## [Brief]
Your job with the data below is to output exactly the lines from the one holding "- golf shoe [0,418,82,479]" down to the one holding "- rhino figurine [78,451,135,479]", both included, and no others.

## [Records excerpted from a collection]
────────────────────

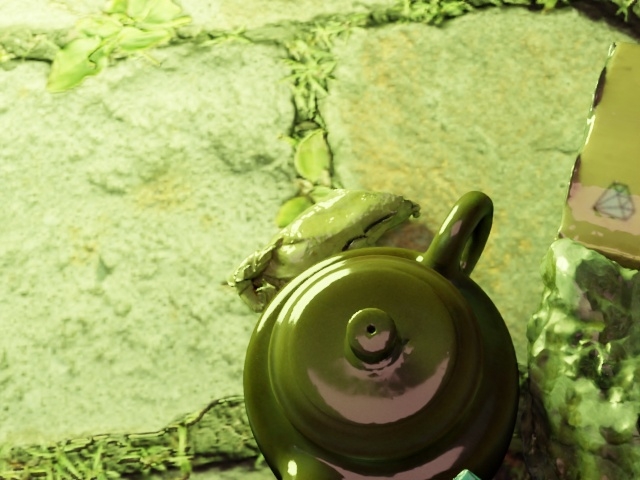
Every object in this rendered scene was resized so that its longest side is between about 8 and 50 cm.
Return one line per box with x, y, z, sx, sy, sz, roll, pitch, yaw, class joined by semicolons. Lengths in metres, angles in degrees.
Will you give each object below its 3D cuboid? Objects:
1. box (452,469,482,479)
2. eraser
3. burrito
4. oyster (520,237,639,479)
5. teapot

────────────────────

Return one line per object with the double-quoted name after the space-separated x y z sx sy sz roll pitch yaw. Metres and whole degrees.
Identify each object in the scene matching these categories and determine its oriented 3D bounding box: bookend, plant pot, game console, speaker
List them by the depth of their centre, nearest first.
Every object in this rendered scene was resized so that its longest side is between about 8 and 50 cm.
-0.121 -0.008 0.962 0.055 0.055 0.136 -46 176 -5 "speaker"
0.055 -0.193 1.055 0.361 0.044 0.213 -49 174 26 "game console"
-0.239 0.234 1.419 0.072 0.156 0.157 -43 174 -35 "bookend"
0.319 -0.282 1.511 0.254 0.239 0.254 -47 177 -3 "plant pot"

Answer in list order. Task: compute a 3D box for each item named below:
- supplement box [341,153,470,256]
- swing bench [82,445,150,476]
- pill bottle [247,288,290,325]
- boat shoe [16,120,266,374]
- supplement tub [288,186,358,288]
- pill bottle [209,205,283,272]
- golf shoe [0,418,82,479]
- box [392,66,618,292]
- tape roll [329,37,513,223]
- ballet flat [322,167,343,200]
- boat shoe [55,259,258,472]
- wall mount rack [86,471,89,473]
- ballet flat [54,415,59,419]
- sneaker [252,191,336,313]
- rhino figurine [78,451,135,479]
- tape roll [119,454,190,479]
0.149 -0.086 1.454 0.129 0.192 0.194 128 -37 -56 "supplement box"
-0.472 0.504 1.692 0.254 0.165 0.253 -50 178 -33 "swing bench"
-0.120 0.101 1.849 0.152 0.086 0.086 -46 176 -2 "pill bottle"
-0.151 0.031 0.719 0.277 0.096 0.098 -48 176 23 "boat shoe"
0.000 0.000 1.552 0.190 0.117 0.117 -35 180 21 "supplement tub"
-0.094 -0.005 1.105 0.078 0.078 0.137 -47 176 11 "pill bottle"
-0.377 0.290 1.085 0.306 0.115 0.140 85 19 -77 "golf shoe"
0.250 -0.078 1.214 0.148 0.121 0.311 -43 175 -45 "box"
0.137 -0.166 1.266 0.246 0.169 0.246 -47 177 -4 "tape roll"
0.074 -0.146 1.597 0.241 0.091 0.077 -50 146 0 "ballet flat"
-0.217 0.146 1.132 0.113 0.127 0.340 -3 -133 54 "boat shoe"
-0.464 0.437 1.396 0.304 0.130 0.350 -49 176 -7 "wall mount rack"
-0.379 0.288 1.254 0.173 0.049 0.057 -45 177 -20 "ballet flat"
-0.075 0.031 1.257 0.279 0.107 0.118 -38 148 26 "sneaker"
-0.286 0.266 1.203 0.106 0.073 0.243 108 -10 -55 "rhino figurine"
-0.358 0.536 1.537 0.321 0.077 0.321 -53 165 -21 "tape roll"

────────────────────

## [Solution for this exercise]
- golf shoe [0,418,82,479]
- box [392,66,618,292]
- tape roll [329,37,513,223]
- ballet flat [322,167,343,200]
- boat shoe [55,259,258,472]
- wall mount rack [86,471,89,473]
- ballet flat [54,415,59,419]
- sneaker [252,191,336,313]
- rhino figurine [78,451,135,479]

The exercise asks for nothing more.